Non ha strade, la mente. Non ha direzioni, né regole. Vaga liberamente in una stanza buia, sperando che una luce la prenda per mano e la conduca in vicoli sempre più difficili da trovare. In quelle mura, Sabina incontra la luce che tanto aveva rincorso, che tanto aveva cercato. Non ha strade, non ha direzioni, né regole.
Ha solo un nome: Carl Jung.
Allievo del più stimato medico dell’epoca Sigmund Freud, il giovane Jung accoglie Sabina come la sua prima paziente a cui applica i recenti studi del suo maestro, studi che caratterizzano il fenomeno della “Psicanalisi”, una corrente fondata non più sull’utilizzo di medicine ma su una relazione instaurata tra medico e paziente, relazione che avrà tra le finalità più importanti la scoperta dell’inconscio, luogo in cui avvengono le più segrete pulsioni e da cui partono i più frequenti disturbi. Jung e Sabina iniziano così un percorso che prevede incontri privati, dialoghi, discorsi, racconti di sogni per poter così scoprire i suoi desideri latenti e curare la sua isteria iniziando dall’origine dei problemi: l’infanzia.

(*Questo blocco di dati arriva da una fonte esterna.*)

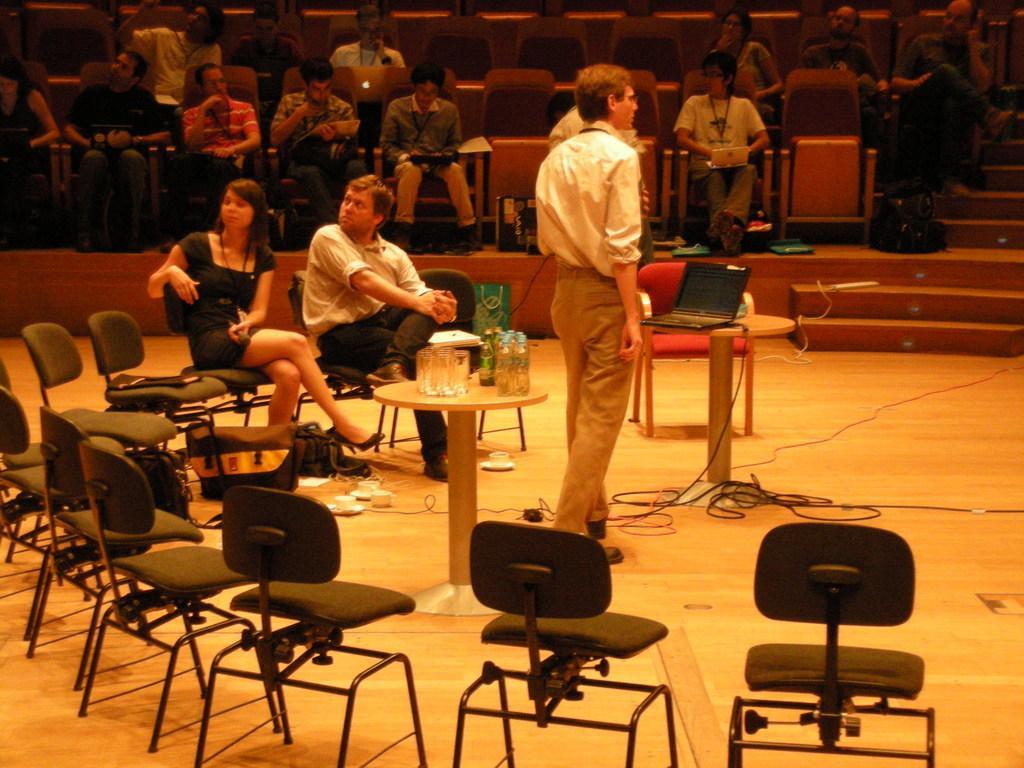Please provide a concise description of this image. This picture is of inside the hall. In the foreground there are many number of chairs. There is a person wearing white color shirt and standing. There are two tables on the top of which glasses, laptop and bottles are placed. There is a woman wearing black color dress and a man wearing white color shirt, sitting on the chairs. In the background there are group of people sitting on the chairs and on the right corner there is a staircase. 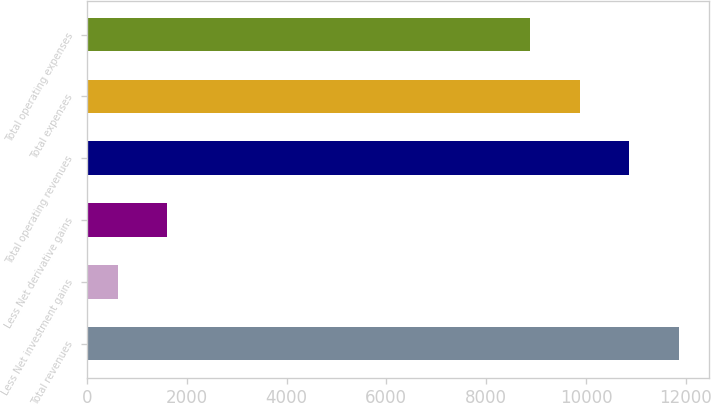Convert chart to OTSL. <chart><loc_0><loc_0><loc_500><loc_500><bar_chart><fcel>Total revenues<fcel>Less Net investment gains<fcel>Less Net derivative gains<fcel>Total operating revenues<fcel>Total expenses<fcel>Total operating expenses<nl><fcel>11861.6<fcel>616<fcel>1608.2<fcel>10869.4<fcel>9877.2<fcel>8885<nl></chart> 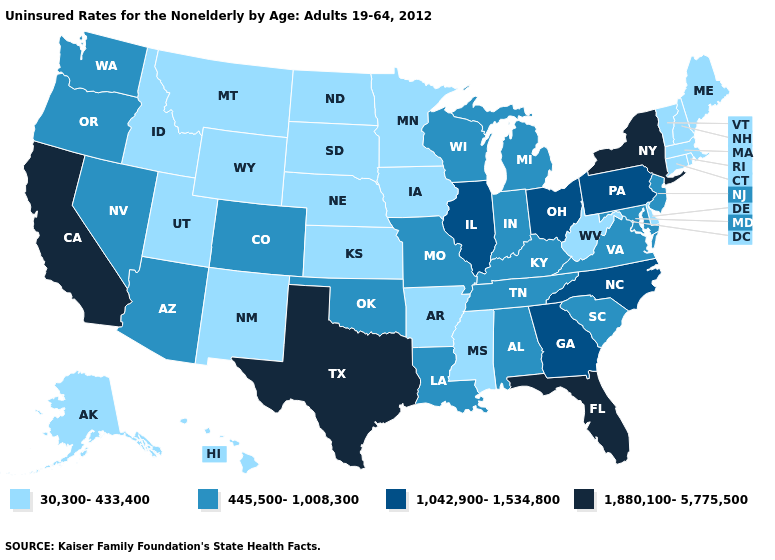What is the lowest value in states that border Virginia?
Answer briefly. 30,300-433,400. How many symbols are there in the legend?
Write a very short answer. 4. Name the states that have a value in the range 30,300-433,400?
Give a very brief answer. Alaska, Arkansas, Connecticut, Delaware, Hawaii, Idaho, Iowa, Kansas, Maine, Massachusetts, Minnesota, Mississippi, Montana, Nebraska, New Hampshire, New Mexico, North Dakota, Rhode Island, South Dakota, Utah, Vermont, West Virginia, Wyoming. Does Iowa have the highest value in the MidWest?
Keep it brief. No. Name the states that have a value in the range 1,880,100-5,775,500?
Concise answer only. California, Florida, New York, Texas. Does Indiana have the same value as Georgia?
Concise answer only. No. Name the states that have a value in the range 30,300-433,400?
Give a very brief answer. Alaska, Arkansas, Connecticut, Delaware, Hawaii, Idaho, Iowa, Kansas, Maine, Massachusetts, Minnesota, Mississippi, Montana, Nebraska, New Hampshire, New Mexico, North Dakota, Rhode Island, South Dakota, Utah, Vermont, West Virginia, Wyoming. Name the states that have a value in the range 1,880,100-5,775,500?
Keep it brief. California, Florida, New York, Texas. What is the highest value in the USA?
Short answer required. 1,880,100-5,775,500. Name the states that have a value in the range 445,500-1,008,300?
Write a very short answer. Alabama, Arizona, Colorado, Indiana, Kentucky, Louisiana, Maryland, Michigan, Missouri, Nevada, New Jersey, Oklahoma, Oregon, South Carolina, Tennessee, Virginia, Washington, Wisconsin. Does South Carolina have the lowest value in the South?
Keep it brief. No. Name the states that have a value in the range 1,042,900-1,534,800?
Be succinct. Georgia, Illinois, North Carolina, Ohio, Pennsylvania. What is the value of Kentucky?
Be succinct. 445,500-1,008,300. Name the states that have a value in the range 1,042,900-1,534,800?
Answer briefly. Georgia, Illinois, North Carolina, Ohio, Pennsylvania. Does the map have missing data?
Give a very brief answer. No.

Nello stesso periodo, Sigmund Freud aveva teorizzato che qualsiasi relazione psicanalitica avrebbe potuto comportare episodi di “transfert”, conseguenza del legame instaurato tra le due parti avente esclusivamente finalità terapeutiche. Il transfert viene definito da Freud come una normale proiezione che conduce a sentimenti di stima, affetto, amore per il partner della relazione, paragonabile a una qualsiasi storia d’amore. L’analista, anche lui particolarmente coinvolto in questo gioco di emozioni, deve essere però capace di gestire questi sentimenti, di ritirarsi quando la situazione diviene insostenibile. Ma, per Jung e Sabina, ciò non avviene. Nelle loro lunghe passeggiate, lei lo considera la sua salvezza, l’unica persona di cui fidarsi, l’unica persona da amare; lui, nonostante una moglie e un figlio in arrivo, cede alle sue parole innamorandosi perdutamente della donna. Ha inizio così una relazione che va al di là del transfert, fatta di sotterfugi, segreti, misteri, un amore surrealista ma magicamente reale. Sabina miracolosamente guarisce, sempre convinta di poter amare ed essere amata, sognando di poter avere lui al suo fianco per sempre.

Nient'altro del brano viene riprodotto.